> [EXERCISE GOAL]:
From the records below, output exactly the lines running from the line containing "line L9 (-5.05, 23.2766) -> (-5.05, 26)" through the line containing "L23 L12 L22 L2", and no others.

> [PROVIDED DATA]:
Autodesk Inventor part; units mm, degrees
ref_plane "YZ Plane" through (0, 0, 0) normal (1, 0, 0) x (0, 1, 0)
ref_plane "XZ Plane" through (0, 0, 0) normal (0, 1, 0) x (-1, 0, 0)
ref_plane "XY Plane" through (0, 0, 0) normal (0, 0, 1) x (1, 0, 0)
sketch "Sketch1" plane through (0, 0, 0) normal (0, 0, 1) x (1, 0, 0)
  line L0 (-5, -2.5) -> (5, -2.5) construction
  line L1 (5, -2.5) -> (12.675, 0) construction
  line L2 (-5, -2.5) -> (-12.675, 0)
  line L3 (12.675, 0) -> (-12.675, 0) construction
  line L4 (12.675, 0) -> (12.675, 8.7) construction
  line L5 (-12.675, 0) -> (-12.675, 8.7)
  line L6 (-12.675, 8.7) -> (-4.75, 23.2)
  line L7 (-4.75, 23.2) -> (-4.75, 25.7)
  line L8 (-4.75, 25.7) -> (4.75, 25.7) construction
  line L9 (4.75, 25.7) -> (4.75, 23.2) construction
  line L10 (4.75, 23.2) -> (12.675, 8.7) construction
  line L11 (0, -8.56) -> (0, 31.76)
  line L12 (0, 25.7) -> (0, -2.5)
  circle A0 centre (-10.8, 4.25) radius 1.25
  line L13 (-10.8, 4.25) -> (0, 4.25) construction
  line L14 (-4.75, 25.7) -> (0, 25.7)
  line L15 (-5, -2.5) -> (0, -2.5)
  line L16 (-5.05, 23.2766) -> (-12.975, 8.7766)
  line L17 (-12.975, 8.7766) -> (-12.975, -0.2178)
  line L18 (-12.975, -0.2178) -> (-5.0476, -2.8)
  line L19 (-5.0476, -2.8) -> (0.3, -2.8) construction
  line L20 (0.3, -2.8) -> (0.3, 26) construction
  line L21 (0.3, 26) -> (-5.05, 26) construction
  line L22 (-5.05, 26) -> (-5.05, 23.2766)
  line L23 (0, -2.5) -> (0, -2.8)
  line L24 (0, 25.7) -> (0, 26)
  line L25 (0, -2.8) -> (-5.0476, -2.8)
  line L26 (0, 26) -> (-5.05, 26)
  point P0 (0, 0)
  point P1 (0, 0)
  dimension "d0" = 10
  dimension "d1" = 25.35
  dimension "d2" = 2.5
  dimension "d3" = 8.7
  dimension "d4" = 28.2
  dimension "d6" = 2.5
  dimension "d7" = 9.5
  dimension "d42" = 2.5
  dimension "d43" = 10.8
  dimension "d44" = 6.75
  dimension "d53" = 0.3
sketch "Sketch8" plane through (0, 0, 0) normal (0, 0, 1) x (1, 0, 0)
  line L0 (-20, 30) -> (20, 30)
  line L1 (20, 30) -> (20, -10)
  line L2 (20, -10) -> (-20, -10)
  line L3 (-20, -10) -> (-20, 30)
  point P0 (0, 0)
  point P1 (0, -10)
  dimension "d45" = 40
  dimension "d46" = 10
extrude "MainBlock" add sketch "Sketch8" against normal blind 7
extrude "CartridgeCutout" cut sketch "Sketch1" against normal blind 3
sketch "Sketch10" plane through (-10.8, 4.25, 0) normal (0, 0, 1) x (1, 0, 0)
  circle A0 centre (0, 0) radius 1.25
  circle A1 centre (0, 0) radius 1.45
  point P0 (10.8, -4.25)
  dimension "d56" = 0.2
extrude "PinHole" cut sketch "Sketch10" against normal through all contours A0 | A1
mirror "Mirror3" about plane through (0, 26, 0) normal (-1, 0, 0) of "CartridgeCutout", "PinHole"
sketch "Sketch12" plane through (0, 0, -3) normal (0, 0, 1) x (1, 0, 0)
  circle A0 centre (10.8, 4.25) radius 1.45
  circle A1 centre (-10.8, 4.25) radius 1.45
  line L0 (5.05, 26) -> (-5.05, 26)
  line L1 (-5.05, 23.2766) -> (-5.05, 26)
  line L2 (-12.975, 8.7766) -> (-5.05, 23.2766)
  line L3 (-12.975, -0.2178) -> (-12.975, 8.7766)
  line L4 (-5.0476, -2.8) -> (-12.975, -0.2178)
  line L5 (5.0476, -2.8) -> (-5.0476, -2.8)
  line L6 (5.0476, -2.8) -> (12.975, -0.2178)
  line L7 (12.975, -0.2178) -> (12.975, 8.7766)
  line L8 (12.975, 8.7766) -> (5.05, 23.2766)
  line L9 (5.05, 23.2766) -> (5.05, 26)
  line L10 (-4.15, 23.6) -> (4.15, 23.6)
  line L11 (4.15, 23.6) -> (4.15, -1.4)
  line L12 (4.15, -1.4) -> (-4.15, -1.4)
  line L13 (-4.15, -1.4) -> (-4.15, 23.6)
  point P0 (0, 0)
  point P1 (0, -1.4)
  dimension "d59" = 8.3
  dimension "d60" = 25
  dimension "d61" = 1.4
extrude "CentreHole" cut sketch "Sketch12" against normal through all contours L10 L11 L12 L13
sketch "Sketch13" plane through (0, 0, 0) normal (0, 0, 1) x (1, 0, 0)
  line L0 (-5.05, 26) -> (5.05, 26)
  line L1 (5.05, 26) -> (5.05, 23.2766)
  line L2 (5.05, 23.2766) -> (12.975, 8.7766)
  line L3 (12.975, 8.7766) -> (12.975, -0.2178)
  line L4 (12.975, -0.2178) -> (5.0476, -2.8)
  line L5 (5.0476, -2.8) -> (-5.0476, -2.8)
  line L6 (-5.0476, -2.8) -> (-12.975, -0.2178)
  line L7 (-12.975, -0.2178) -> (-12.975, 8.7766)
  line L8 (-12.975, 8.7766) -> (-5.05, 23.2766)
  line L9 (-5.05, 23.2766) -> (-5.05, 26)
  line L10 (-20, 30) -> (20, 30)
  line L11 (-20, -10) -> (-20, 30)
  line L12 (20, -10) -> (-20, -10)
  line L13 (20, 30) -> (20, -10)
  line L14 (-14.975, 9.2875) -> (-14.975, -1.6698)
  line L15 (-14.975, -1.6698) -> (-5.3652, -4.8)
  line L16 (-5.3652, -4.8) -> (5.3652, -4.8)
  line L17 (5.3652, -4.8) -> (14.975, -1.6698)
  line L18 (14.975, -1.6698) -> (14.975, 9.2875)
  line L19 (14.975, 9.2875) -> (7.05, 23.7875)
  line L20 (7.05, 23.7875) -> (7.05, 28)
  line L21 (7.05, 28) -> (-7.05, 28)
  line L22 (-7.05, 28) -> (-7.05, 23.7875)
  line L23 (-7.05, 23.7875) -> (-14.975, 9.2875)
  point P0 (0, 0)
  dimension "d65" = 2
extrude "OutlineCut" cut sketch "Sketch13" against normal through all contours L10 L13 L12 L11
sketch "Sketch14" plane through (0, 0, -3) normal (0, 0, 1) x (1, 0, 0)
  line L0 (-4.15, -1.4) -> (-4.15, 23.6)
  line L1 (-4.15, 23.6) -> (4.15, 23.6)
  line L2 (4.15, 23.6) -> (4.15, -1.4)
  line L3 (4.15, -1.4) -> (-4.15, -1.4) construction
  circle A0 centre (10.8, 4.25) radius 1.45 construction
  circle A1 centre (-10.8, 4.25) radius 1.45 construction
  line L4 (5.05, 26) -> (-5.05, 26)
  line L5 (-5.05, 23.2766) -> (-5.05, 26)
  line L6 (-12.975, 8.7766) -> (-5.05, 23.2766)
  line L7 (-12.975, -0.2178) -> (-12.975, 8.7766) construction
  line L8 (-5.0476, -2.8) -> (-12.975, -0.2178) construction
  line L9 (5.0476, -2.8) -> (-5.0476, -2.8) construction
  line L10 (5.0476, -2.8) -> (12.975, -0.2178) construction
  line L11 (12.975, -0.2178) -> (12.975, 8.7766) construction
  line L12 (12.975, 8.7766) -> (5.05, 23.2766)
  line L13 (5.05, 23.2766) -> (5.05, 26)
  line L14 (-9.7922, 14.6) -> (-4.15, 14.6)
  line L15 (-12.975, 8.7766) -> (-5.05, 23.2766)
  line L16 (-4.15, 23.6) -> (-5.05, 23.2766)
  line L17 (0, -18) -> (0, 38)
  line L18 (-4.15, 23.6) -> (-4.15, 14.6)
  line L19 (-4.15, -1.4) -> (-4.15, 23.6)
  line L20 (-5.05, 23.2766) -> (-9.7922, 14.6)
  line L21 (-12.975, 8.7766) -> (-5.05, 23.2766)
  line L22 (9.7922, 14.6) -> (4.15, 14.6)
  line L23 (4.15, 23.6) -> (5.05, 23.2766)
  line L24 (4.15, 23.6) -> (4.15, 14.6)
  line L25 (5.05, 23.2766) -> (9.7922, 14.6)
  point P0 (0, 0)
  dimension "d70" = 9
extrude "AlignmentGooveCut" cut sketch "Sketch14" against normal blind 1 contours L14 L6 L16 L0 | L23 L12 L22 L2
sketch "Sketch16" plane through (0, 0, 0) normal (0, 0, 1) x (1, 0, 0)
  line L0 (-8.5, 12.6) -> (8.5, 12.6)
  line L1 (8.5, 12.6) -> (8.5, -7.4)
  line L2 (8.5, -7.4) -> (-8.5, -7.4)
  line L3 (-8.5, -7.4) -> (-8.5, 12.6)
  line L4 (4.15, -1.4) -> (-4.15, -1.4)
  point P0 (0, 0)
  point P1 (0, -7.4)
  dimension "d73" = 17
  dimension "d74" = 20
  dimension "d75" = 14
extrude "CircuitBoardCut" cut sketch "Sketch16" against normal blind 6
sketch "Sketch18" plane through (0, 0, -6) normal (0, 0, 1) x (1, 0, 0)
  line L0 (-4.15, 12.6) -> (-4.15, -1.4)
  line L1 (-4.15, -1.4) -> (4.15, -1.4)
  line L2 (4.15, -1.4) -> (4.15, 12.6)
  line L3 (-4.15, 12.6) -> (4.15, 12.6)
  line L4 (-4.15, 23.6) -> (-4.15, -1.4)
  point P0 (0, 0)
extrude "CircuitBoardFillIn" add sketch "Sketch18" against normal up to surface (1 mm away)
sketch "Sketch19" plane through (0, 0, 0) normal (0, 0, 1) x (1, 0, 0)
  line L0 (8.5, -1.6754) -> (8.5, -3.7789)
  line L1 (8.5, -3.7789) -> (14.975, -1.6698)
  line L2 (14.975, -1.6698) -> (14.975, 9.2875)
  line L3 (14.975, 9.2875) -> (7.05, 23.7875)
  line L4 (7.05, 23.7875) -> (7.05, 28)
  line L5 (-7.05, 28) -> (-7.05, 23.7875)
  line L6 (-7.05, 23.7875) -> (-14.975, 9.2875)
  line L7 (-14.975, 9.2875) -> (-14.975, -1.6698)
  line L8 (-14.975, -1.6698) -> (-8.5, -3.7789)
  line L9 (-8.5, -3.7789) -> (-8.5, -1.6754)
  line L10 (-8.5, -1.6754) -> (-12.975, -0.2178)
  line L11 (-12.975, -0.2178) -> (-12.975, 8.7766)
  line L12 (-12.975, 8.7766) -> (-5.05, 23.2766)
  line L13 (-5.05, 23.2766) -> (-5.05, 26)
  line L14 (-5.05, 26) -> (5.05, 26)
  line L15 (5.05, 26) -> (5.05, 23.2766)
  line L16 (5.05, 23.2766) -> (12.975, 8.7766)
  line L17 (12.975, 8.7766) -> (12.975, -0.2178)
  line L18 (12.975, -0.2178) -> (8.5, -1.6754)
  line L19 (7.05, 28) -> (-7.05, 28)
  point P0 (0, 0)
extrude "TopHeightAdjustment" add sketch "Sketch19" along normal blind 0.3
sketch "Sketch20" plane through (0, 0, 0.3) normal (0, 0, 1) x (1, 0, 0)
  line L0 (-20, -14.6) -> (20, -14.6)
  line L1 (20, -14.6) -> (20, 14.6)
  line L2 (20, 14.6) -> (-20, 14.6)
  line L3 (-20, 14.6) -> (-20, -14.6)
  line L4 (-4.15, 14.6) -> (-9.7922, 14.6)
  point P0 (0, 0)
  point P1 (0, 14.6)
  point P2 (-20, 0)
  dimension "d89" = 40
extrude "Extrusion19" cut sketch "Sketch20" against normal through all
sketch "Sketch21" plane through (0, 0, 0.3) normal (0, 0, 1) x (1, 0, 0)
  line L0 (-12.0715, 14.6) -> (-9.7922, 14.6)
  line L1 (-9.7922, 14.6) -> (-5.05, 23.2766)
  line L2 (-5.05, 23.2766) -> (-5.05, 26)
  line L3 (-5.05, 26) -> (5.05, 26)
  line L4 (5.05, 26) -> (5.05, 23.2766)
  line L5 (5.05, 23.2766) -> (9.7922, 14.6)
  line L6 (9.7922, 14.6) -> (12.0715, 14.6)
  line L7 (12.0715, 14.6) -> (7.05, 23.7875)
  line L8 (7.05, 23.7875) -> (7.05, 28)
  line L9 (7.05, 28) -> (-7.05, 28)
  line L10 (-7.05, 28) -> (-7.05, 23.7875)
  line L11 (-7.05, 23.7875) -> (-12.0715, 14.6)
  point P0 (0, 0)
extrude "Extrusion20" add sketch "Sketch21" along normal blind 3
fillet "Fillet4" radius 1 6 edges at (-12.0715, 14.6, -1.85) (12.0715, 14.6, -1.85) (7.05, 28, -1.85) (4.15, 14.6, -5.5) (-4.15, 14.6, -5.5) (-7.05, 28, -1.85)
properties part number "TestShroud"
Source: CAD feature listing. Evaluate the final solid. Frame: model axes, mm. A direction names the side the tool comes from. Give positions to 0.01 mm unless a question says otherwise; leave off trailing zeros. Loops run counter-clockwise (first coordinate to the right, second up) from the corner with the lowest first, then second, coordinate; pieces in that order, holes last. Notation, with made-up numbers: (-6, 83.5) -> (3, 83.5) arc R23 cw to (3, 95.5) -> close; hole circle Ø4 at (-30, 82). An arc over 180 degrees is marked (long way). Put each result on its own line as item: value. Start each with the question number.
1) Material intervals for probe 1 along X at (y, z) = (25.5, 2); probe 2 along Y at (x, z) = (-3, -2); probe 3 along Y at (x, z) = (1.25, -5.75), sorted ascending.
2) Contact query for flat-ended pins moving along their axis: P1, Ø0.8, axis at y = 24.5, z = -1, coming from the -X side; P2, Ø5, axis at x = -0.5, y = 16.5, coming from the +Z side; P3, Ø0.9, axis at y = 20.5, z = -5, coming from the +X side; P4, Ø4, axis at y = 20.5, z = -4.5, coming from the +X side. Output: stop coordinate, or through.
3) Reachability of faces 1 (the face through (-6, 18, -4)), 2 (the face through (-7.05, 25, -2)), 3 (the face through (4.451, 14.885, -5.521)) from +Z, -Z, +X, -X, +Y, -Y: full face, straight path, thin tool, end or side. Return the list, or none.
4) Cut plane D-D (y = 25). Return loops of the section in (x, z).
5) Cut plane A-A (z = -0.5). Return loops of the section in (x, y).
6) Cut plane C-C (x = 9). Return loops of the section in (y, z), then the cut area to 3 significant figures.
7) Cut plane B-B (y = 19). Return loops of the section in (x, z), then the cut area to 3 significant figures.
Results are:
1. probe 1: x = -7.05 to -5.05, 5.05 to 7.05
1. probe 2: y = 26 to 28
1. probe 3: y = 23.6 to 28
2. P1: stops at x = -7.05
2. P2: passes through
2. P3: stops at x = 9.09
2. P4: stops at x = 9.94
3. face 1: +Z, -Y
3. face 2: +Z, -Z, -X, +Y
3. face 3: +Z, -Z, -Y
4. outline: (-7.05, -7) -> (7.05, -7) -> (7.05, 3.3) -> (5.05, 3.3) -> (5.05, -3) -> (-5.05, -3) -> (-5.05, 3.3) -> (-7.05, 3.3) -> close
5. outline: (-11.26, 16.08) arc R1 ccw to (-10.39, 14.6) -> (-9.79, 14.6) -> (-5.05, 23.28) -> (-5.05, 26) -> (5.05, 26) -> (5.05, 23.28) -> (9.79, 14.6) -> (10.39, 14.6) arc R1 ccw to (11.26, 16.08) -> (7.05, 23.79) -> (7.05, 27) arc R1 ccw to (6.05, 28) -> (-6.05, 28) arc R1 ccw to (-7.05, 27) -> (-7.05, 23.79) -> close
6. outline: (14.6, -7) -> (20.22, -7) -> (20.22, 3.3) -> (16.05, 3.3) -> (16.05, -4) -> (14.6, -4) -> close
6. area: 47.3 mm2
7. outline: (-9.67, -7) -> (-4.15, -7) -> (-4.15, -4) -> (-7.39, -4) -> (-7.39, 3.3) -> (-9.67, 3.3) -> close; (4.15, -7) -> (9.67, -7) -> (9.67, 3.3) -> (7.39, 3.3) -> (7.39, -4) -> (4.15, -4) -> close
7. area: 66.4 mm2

* * *

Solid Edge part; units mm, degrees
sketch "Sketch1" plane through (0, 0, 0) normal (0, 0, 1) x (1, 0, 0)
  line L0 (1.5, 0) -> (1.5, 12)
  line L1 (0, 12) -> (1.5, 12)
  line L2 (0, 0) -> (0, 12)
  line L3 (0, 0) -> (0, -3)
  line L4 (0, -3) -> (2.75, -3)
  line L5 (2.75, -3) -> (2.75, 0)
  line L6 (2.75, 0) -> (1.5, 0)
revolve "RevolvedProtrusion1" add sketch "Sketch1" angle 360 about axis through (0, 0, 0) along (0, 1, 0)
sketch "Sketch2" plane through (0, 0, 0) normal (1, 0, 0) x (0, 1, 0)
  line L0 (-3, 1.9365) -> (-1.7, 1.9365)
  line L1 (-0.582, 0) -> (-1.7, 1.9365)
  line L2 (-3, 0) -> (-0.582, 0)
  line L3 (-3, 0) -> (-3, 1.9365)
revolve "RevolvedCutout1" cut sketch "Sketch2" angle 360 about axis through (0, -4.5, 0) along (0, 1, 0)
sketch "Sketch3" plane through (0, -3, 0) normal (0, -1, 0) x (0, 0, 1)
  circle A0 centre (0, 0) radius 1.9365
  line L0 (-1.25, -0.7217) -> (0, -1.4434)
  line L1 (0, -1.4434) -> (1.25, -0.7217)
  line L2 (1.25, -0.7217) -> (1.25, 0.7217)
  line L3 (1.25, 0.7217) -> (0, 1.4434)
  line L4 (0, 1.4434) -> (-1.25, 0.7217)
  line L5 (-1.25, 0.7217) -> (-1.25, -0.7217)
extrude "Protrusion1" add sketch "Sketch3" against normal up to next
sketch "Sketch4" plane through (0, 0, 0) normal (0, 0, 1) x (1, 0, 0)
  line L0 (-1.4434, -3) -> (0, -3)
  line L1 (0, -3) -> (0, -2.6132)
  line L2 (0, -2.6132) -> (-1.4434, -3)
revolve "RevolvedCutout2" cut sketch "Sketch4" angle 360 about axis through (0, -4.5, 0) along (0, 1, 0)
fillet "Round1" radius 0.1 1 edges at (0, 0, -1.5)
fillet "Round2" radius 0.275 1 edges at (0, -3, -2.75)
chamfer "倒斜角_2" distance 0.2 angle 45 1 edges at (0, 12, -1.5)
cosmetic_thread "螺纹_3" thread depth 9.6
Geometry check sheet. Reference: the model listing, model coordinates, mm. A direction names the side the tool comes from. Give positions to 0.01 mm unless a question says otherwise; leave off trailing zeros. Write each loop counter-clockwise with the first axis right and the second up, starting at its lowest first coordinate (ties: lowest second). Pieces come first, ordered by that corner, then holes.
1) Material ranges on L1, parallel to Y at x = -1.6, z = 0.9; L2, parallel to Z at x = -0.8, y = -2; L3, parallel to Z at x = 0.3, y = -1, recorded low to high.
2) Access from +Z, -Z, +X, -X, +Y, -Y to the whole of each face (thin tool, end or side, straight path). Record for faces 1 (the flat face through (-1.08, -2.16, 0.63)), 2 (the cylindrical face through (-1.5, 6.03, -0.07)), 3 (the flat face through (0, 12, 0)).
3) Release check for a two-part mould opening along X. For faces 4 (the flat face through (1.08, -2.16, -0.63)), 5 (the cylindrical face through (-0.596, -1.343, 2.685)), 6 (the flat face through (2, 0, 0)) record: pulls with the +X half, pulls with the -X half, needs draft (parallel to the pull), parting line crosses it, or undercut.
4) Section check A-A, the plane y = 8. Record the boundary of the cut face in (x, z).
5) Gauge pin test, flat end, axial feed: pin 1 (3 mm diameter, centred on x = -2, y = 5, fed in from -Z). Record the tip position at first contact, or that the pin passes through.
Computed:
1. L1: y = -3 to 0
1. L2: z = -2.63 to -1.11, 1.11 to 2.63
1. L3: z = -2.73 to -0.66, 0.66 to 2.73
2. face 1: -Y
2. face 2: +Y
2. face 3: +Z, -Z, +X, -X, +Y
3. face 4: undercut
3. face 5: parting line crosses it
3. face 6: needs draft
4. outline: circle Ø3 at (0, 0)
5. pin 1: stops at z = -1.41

> [ANSWER SPACE]:
  line L9 (-5.05, 23.2766) -> (-5.05, 26)
  line L10 (-20, 30) -> (20, 30)
  line L11 (-20, -10) -> (-20, 30)
  line L12 (20, -10) -> (-20, -10)
  line L13 (20, 30) -> (20, -10)
  line L14 (-14.975, 9.2875) -> (-14.975, -1.6698)
  line L15 (-14.975, -1.6698) -> (-5.3652, -4.8)
  line L16 (-5.3652, -4.8) -> (5.3652, -4.8)
  line L17 (5.3652, -4.8) -> (14.975, -1.6698)
  line L18 (14.975, -1.6698) -> (14.975, 9.2875)
  line L19 (14.975, 9.2875) -> (7.05, 23.7875)
  line L20 (7.05, 23.7875) -> (7.05, 28)
  line L21 (7.05, 28) -> (-7.05, 28)
  line L22 (-7.05, 28) -> (-7.05, 23.7875)
  line L23 (-7.05, 23.7875) -> (-14.975, 9.2875)
  point P0 (0, 0)
  dimension "d65" = 2
extrude "OutlineCut" cut sketch "Sketch13" against normal through all contours L10 L13 L12 L11
sketch "Sketch14" plane through (0, 0, -3) normal (0, 0, 1) x (1, 0, 0)
  line L0 (-4.15, -1.4) -> (-4.15, 23.6)
  line L1 (-4.15, 23.6) -> (4.15, 23.6)
  line L2 (4.15, 23.6) -> (4.15, -1.4)
  line L3 (4.15, -1.4) -> (-4.15, -1.4) construction
  circle A0 centre (10.8, 4.25) radius 1.45 construction
  circle A1 centre (-10.8, 4.25) radius 1.45 construction
  line L4 (5.05, 26) -> (-5.05, 26)
  line L5 (-5.05, 23.2766) -> (-5.05, 26)
  line L6 (-12.975, 8.7766) -> (-5.05, 23.2766)
  line L7 (-12.975, -0.2178) -> (-12.975, 8.7766) construction
  line L8 (-5.0476, -2.8) -> (-12.975, -0.2178) construction
  line L9 (5.0476, -2.8) -> (-5.0476, -2.8) construction
  line L10 (5.0476, -2.8) -> (12.975, -0.2178) construction
  line L11 (12.975, -0.2178) -> (12.975, 8.7766) construction
  line L12 (12.975, 8.7766) -> (5.05, 23.2766)
  line L13 (5.05, 23.2766) -> (5.05, 26)
  line L14 (-9.7922, 14.6) -> (-4.15, 14.6)
  line L15 (-12.975, 8.7766) -> (-5.05, 23.2766)
  line L16 (-4.15, 23.6) -> (-5.05, 23.2766)
  line L17 (0, -18) -> (0, 38)
  line L18 (-4.15, 23.6) -> (-4.15, 14.6)
  line L19 (-4.15, -1.4) -> (-4.15, 23.6)
  line L20 (-5.05, 23.2766) -> (-9.7922, 14.6)
  line L21 (-12.975, 8.7766) -> (-5.05, 23.2766)
  line L22 (9.7922, 14.6) -> (4.15, 14.6)
  line L23 (4.15, 23.6) -> (5.05, 23.2766)
  line L24 (4.15, 23.6) -> (4.15, 14.6)
  line L25 (5.05, 23.2766) -> (9.7922, 14.6)
  point P0 (0, 0)
  dimension "d70" = 9
extrude "AlignmentGooveCut" cut sketch "Sketch14" against normal blind 1 contours L14 L6 L16 L0 | L23 L12 L22 L2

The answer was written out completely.